- [EXERCISE] What lines in the following entries hold the word "will"? Copy each one.

Start of DATA PROVIDED

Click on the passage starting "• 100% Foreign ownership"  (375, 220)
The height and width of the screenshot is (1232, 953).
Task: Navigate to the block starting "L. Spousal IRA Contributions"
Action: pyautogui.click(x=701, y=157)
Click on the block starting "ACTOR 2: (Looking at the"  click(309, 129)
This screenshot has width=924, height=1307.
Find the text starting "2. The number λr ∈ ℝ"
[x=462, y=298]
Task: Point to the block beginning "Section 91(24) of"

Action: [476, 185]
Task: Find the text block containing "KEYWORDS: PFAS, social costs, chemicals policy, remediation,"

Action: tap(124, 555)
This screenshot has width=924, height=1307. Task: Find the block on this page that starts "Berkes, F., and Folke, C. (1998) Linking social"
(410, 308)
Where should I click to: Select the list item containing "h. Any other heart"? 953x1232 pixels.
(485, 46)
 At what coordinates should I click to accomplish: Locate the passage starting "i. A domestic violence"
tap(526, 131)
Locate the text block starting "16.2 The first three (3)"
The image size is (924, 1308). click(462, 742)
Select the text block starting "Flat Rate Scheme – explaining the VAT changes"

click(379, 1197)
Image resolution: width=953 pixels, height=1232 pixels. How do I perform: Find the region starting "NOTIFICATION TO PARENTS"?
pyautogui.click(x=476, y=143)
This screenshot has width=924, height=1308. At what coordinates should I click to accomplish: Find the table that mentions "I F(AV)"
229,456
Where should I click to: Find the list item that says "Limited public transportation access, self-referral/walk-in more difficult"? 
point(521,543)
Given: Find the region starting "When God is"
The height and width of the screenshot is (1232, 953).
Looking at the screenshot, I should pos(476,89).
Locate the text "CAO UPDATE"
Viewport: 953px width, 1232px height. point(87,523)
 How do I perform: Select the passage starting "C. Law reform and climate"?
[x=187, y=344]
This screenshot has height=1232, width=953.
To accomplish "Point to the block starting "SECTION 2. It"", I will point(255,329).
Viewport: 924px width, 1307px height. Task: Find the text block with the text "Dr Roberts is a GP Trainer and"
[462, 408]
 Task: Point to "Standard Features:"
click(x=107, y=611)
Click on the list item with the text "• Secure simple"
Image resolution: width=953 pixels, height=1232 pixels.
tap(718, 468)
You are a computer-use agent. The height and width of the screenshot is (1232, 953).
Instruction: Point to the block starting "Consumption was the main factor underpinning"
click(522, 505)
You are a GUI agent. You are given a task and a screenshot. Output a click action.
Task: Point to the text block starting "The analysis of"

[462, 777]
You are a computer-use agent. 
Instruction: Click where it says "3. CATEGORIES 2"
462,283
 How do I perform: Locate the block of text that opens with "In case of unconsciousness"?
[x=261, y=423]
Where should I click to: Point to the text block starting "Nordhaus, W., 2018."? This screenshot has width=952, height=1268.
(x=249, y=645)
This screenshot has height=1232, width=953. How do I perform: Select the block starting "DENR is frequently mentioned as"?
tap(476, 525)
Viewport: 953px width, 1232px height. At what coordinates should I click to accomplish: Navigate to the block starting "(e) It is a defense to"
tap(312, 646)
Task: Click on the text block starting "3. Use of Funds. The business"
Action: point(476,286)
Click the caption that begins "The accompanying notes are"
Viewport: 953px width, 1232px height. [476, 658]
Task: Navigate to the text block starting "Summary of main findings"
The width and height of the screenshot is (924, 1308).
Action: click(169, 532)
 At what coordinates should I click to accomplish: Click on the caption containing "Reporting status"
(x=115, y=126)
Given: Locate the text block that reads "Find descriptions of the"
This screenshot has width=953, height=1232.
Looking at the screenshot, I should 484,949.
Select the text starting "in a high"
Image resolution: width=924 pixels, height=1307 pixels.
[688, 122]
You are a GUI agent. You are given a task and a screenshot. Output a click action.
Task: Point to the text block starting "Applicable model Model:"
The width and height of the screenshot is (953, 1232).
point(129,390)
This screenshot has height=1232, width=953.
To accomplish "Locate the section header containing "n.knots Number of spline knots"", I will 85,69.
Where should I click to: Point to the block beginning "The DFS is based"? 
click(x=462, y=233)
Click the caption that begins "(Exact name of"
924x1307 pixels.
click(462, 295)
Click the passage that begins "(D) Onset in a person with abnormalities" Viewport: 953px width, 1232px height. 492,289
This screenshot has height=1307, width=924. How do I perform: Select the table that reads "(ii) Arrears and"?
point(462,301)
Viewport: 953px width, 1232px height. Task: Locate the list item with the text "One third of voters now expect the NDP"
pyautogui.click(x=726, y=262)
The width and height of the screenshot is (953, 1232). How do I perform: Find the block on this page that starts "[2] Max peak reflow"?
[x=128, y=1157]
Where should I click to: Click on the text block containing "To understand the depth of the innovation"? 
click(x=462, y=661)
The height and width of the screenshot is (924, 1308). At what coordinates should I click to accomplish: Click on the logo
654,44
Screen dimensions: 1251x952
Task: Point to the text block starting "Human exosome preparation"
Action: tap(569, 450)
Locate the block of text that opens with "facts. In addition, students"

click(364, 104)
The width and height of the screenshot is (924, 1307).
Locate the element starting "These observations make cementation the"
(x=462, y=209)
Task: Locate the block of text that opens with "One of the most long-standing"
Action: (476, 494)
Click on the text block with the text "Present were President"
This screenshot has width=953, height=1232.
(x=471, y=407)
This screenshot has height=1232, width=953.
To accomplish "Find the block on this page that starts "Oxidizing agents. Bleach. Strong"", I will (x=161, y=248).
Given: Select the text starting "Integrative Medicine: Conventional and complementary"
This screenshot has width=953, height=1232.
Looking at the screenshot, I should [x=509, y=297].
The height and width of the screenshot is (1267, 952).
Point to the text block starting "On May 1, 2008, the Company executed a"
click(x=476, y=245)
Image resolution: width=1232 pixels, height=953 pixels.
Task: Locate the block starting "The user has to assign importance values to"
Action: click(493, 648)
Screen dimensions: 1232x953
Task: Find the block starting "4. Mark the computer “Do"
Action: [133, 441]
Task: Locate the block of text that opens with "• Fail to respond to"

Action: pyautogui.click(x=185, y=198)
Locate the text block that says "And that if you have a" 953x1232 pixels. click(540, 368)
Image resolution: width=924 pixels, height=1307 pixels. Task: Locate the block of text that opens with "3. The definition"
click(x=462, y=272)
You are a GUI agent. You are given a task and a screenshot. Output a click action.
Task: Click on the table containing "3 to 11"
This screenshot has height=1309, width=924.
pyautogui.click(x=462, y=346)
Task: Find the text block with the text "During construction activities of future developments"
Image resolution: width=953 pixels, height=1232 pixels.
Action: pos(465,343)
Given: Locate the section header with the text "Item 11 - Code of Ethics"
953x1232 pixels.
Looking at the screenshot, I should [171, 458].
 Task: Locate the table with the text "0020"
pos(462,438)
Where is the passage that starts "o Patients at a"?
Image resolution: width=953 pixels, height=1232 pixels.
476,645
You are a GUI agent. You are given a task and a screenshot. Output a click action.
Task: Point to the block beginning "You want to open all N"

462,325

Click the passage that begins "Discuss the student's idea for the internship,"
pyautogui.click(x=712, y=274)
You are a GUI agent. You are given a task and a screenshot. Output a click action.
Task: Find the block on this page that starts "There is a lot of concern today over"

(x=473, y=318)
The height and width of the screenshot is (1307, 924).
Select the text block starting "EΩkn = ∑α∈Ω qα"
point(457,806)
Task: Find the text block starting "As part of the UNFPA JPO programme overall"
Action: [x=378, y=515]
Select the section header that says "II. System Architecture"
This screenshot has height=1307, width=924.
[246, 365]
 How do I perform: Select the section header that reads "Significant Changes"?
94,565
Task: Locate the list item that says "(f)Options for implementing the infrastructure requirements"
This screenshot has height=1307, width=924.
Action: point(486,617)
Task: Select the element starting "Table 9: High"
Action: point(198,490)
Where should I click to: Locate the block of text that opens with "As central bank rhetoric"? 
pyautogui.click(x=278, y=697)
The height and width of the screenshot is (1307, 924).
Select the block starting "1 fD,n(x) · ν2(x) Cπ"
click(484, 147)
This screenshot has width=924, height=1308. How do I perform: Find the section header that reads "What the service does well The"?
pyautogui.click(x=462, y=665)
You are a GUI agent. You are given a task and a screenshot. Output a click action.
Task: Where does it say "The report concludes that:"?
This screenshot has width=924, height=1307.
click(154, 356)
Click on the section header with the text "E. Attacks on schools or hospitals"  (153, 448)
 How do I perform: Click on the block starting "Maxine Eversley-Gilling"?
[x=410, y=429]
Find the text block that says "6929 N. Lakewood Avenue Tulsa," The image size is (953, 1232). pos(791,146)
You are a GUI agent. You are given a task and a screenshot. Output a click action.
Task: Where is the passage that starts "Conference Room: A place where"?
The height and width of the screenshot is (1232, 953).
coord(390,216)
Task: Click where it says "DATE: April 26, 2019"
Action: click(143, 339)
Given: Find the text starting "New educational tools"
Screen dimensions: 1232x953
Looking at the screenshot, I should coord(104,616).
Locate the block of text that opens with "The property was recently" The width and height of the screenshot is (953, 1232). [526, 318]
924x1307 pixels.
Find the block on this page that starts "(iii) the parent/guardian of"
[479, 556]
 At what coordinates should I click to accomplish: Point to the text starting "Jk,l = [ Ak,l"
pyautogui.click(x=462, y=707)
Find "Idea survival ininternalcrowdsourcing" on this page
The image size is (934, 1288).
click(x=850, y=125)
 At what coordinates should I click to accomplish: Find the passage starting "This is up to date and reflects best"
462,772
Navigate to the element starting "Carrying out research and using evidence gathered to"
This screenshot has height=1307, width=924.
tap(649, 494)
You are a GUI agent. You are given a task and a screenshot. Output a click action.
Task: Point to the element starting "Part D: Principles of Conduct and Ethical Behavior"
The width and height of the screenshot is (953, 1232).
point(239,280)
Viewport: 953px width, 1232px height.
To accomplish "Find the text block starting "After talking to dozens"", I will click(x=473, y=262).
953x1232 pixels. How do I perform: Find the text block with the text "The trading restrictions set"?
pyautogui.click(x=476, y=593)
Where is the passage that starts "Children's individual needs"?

End of DATA PROVIDED

- [PROBLEM SOLUTION]
To accomplish "Point to the block starting "SECTION 2. It"", I will point(255,329).
To accomplish "Locate the section header containing "n.knots Number of spline knots"", I will 85,69.
To accomplish "Find the block on this page that starts "Oxidizing agents. Bleach. Strong"", I will (x=161, y=248).
To accomplish "Find the text block starting "After talking to dozens"", I will click(x=473, y=262).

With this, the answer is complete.